Melasma is a patchy brown discoloration of the skin on the face. When it occurs in pregnancy, it's called chloasma. Melasma is commonly treated with hydroquinone creams.
Sun sensitivity (photosensitivity) is an inflammation of the skin induced by the combination of medications or substances and sunlight. The affect on the skin is redness, which looks similar to a sunburn. Generally, these reactions are either phototoxic or photoallergic. Phototoxic drugs are more common than photoallergic drugs. Symptoms of phototoxic reactions are a burning and stinging sensation and then redness. Symptoms of photoallergic reactions are itching, redness, swelling, blisters of the affected area. Treatment generally is discontinuation of the medication and topical application of creams.
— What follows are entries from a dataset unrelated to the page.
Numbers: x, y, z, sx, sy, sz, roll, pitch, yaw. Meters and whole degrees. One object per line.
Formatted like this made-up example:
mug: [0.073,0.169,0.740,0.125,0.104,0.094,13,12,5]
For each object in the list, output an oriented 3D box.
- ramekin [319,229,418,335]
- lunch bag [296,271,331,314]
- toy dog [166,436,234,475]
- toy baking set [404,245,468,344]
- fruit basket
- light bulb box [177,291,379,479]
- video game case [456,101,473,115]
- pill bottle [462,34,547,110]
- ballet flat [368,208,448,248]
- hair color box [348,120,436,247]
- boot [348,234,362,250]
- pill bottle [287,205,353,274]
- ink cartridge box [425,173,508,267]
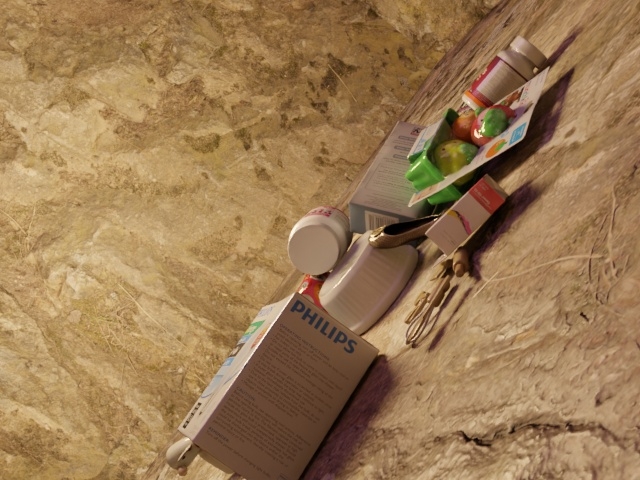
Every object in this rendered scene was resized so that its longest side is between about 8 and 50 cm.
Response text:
ramekin: [0.109,0.095,1.831,0.273,0.127,0.273,-52,7,9]
lunch bag: [-0.048,0.218,2.095,0.258,0.120,0.293,-74,9,-74]
toy dog: [-0.258,0.533,1.911,0.334,0.220,0.161,-56,35,36]
toy baking set: [0.224,0.108,1.429,0.197,0.030,0.256,-57,-1,15]
fruit basket: [0.368,-0.251,1.760,0.353,0.165,0.327,-40,13,46]
light bulb box: [-0.104,0.332,1.616,0.361,0.225,0.358,-55,7,-18]
video game case: [0.519,-0.466,2.349,0.210,0.042,0.232,-52,7,-1]
pill bottle: [0.496,-0.433,1.998,0.221,0.121,0.121,-51,7,16]
ballet flat: [0.209,-0.029,1.668,0.249,0.058,0.084,-8,32,40]
hair color box: [0.231,-0.161,1.991,0.114,0.185,0.374,84,-151,-44]
boot: [0.186,-0.032,2.235,0.263,0.091,0.229,-50,1,12]
pill bottle: [0.000,0.000,2.041,0.160,0.160,0.283,-51,1,13]
ink cartridge box: [0.281,-0.039,1.490,0.198,0.067,0.115,-46,-6,18]

Sunburn is caused by overexposure to UV radiation from the sun. UV rays can also damage the eyes. Repeated overexposure to UV rays also increases the risk for scarring, freckles, wrinkles, and dry skin. Symptoms of sunburn include painful, red, tender, and hot skin. The skin may blister, swell, and peel. Sun poisoning (severe sunburn) include nausea, fever, chills, rapid pulse, dizziness and more. Treatment for sunburn depends upon the severity. Sun protection and sunscreen for an individual's skin type is recommended to decrease the chance of sunburn.
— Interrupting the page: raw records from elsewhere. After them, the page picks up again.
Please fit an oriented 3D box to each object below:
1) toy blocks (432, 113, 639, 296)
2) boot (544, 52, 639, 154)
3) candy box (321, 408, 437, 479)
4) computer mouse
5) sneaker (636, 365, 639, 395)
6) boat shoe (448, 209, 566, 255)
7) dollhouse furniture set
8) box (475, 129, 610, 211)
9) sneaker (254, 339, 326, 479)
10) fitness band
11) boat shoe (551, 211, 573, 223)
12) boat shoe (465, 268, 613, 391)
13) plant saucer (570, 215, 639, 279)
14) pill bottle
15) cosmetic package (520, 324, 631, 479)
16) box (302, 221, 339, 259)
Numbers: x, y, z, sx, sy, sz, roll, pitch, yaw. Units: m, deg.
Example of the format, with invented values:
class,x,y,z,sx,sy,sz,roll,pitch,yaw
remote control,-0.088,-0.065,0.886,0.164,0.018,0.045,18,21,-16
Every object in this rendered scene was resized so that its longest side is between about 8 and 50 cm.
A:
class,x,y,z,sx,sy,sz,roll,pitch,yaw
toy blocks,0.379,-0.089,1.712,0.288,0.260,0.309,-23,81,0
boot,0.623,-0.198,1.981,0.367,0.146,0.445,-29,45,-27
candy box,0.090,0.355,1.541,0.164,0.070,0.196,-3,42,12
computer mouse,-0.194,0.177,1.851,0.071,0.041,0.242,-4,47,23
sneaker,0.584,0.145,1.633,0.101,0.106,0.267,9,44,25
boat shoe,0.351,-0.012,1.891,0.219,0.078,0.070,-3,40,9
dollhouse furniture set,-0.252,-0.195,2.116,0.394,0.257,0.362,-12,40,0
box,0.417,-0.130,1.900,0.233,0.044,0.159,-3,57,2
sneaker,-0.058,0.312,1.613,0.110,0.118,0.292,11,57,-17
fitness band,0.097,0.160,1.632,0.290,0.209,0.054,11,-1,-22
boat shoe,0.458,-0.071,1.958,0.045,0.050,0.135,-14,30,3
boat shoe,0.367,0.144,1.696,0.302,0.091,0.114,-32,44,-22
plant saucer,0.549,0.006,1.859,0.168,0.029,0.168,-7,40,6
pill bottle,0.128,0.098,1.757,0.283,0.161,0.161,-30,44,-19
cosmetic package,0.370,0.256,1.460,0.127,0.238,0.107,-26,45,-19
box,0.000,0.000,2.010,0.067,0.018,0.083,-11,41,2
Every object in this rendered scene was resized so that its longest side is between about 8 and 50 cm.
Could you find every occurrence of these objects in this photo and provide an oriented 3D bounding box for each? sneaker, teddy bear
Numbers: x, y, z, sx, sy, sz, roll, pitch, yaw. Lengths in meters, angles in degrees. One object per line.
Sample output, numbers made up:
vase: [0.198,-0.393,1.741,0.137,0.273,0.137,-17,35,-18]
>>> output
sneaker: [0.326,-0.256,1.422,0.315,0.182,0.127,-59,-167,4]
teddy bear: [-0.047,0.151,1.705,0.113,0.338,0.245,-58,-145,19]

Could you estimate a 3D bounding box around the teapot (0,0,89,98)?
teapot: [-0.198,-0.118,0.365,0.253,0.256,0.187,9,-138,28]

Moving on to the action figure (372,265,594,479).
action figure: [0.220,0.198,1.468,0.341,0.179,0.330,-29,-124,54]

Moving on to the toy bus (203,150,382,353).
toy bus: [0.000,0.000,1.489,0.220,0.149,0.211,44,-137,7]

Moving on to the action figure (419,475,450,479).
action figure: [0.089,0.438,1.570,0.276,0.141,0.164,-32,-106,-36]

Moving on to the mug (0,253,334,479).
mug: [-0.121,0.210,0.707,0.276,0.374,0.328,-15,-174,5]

Wrinkles, whether they be fine line or deep furrows, typically appear on areas of the body that receive a high amount of exposure to the sun. Smoking, light skin type, hairstyle, the way you dress, your occupational and recreational habits, and heredity are all factors that promote wrinkling. Medical treatments for wrinkles include antioxidants, moisturizers, alpha-hydroxy acids, and vitamin A acid. Cosmetic procedures that treat wrinkles include dermabrasion, microdermabrasion, glycolic acid peels, laser resurfacing, Botox, and fillers.
Sunscreens are crucial for sun protection. Sun damage to the skin from exposure to ultraviolet rays is a risk factor for skin cancer and melanoma. To avoid sunburn, people should limit sun exposure during the peak hours of 10 a.m. to 3 p.m., wear protective clothing, and use a sunscreen. People with sensitive skin should use a sunscreen with an SPF of 30 or more.
Sunburn is an inflammation of the skin that is caused by overexposure to
ultraviolet (UV) radiation from the sun. A similar burn can follow overexposure
to a "sun" (UV or tanning) lamp. UV radiation can also damage the eyes, although no
surface burn is apparent.
Sunburn is a very common condition. In the United States, approximately 30%
to 40% of adults and close to 80% of children and adolescents report having at
least one sunburn in the preceding year.
Can sunburn cause permanent damage?
Yes. Sunburn early in life increases the risk of developing skin cancer later
on. Repeated overexposure to ultraviolet rays can also
scar,
freckle, dry out,
and wrinkle the skin prematurely. In addition, frequent overexposure to
ultraviolet rays can increase the risk of developing eye cataracts and
macular
degeneration, a leading cause of blindness.